Focus
Synthèse conjoncturelle hebdo
Si l’économie mondiale est désormais nettement plus endettée qu’au début de la dernière crise financière, comme s’en est récemment alarmé le Fonds monétaire international, cette situation est largement due à la Chine. Faut-il s'inquiéter de la forte progression de la dette chinoise ? Comment les autorités chinoises gèrent-elles ce risque ? L'analyse de Cynthia Kalasopatan, économiste Asie, pour le journal La Croix.
• Depuis 2008, la dette chinoise a connu une progression très rapide, de l’ordre de 75 points du PIB. Si bien qu’en février dernier, le pays cumulait une dette de 23 000 milliards d’euros, ce qui représente près de 250% du PIB national et presque 18% de l’endettement mondial.
Pour faire face à la dernière crise financière, les autorités chinoises ont en effet choisi de lancer un programme de stimulus budgétaire massif. Face au risque de voir chuter les exportations du fait du recul de la demande mondiale, ce plan de relance a permis de doper la croissance et de soutenir l’emploi.

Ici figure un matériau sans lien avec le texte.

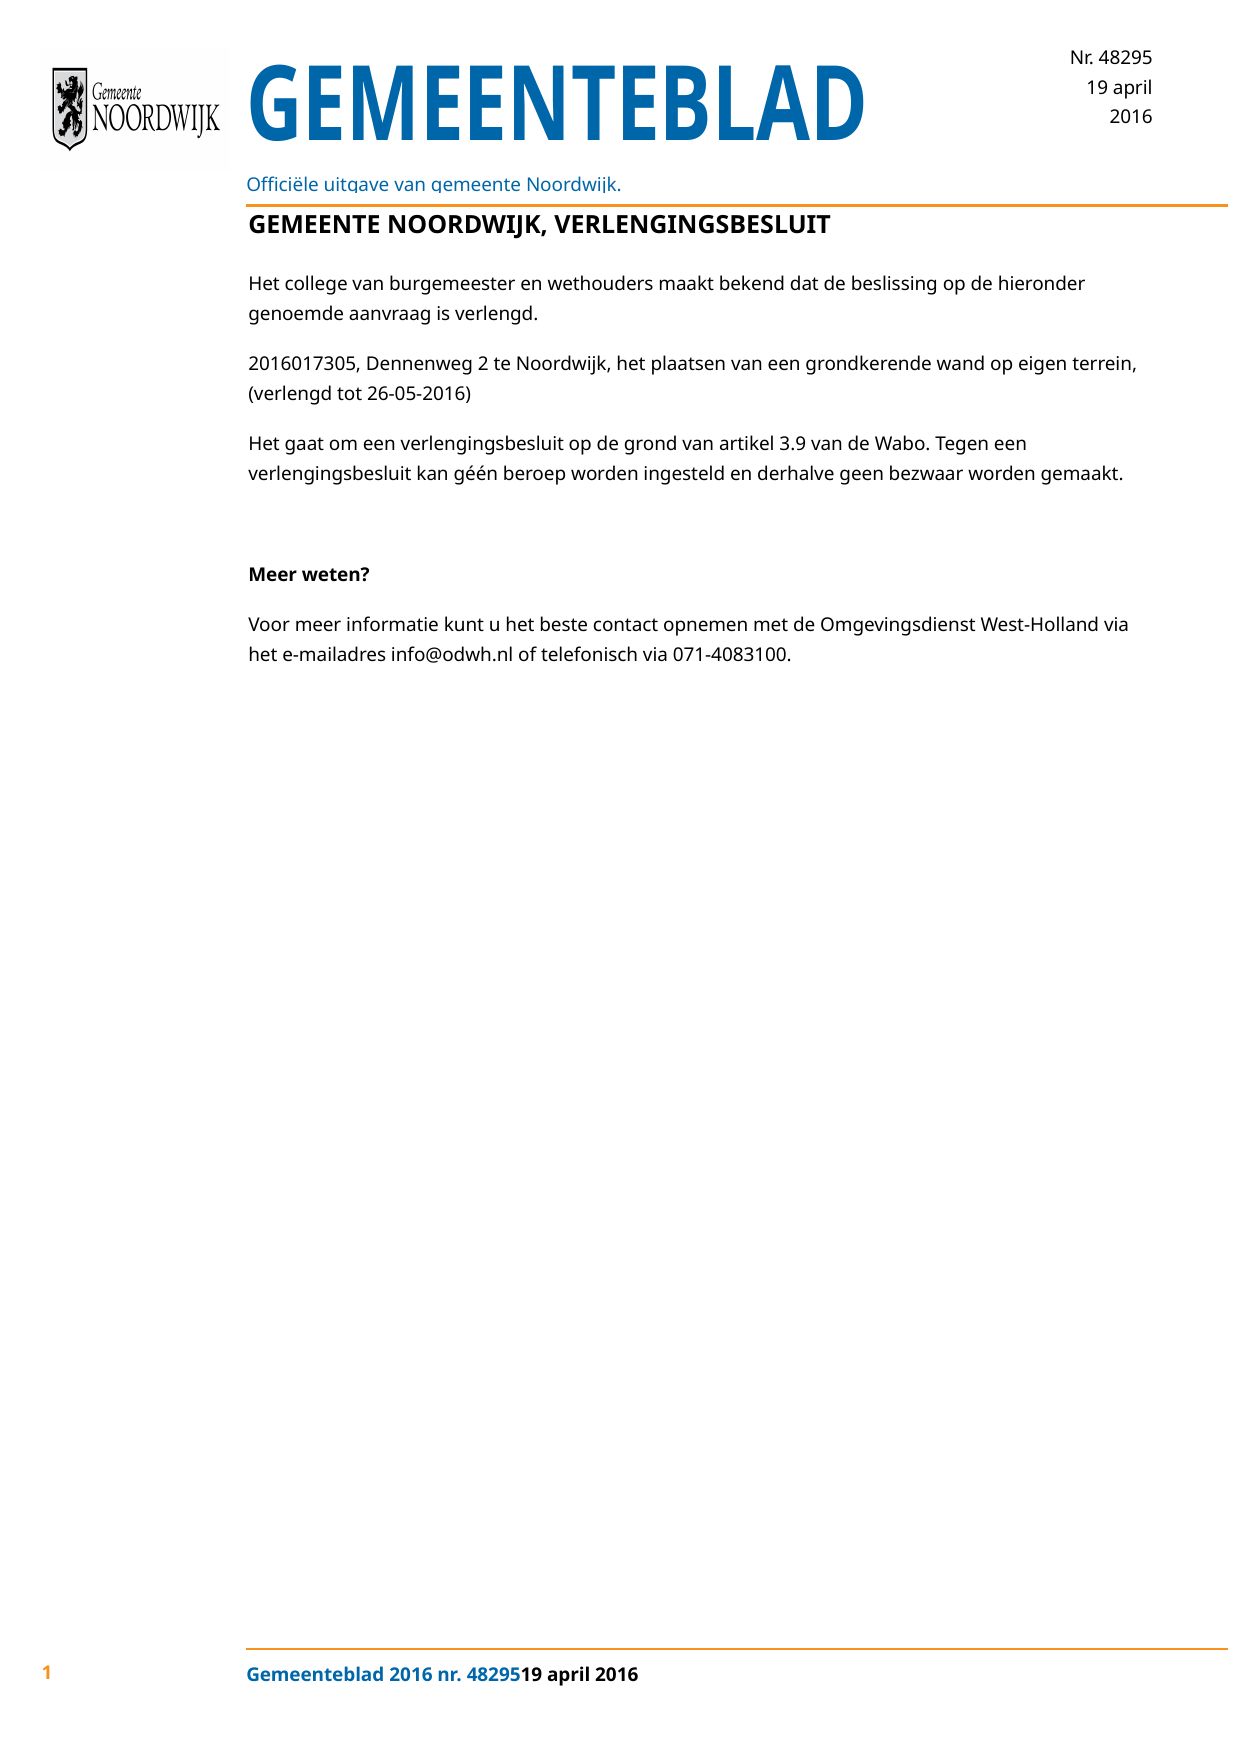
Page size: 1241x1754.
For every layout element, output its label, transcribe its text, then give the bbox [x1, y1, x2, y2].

text Het college van burgemeester en wethouders maakt bekend dat de beslissing op de hieronder genoemde aanvraag is verlengd. [248, 270, 1152, 326]
picture [41, 47, 231, 172]
text Voor meer informatie kunt u het beste contact opnemen met de Omgevingsdienst West-Holland via het e-mailadres info@odwh.nl of telefonisch via 071-4083100. [248, 611, 1152, 666]
text Het gaat om een verlengingsbesluit op de grond van artikel 3.9 van de Wabo. Tegen een verlengingsbesluit kan géén beroep worden ingesteld en derhalve geen bezwaar worden gemaakt. [248, 430, 1152, 486]
text 2016017305, Dennenweg 2 te Noordwijk, het plaatsen van een grondkerende wand op eigen terrein, (verlengd tot 26-05-2016) [248, 350, 1152, 406]
text Meer weten? [248, 561, 1152, 586]
text GEMEENTE NOORDWIJK, VERLENGINGSBESLUIT [248, 207, 1152, 241]

Mais depuis 2016, Pékin semble avoir nettement pris conscience que cette politique de dépenses publiques et de distribution accommodante de crédits aboutissait à un niveau de dettes très élevé qui menace, à terme, le système financier.
• Depuis 2016 des mesures limitent l'expansion du crédit, et notamment celle du Shadow Banking
Les taux d’intérêt sur le marché monétaire ont été relevés par quatre fois depuis la fin de 2016. Cette disposition peut paraître technique mais elle est fondamentale car elle a permis de mieux réguler ce que l’on appelle le "shadow banking" ou banque de l’ombre, ce secteur financier qui échappe à tout cadre réglementaire.
Pour se financer, ces entités non bancaires doivent désormais payer plus cher, ce qui a tendance à limiter la progression des crédits qu’elles distribuent. Or ce "shadow banking" serait responsable d'au moins 35% de la dette chinoise.
• Cette politique d’assainissement commence à porter ses fruits.
Selon la banque centrale chinoise, la distribution de nouveaux crédits a augmenté de 8% en mars sur un an alors qu'elle progressait de 32% en septembre 2017. La hausse se poursuit donc, mais à un rythme moins élevé.
Autre indicateur qui montre que la dynamique va dans le bon sens : l’indice de vulnérabilité établi par la Banque des règlements internationaux (BRI) qui compare l'évolution du poids du crédit dans le PIB à sa tendance de long terme, est revenu à 18,7% en juin 2017, après avoir atteint 29% au début de 2016.
Il est vrai qu’il reste du chemin à faire puisque la BRI estime qu’un indice au-dessus de 10% est déjà signe de forte vulnérabilité.
Le processus de désendettement mis en place par Pékin prendra du temps. Il est même probable que l’endettement chinois augmentera avant de se stabiliser. Pour l’heure, on comprend que la situation chinoise interpelle. Et c’est bien le rôle du FMI que de tirer la sonnette d’alarme car les risques sont là. Mais ils sont gérables. Et d’une certaine manière, déjà sous contrôle des autorités chinoises.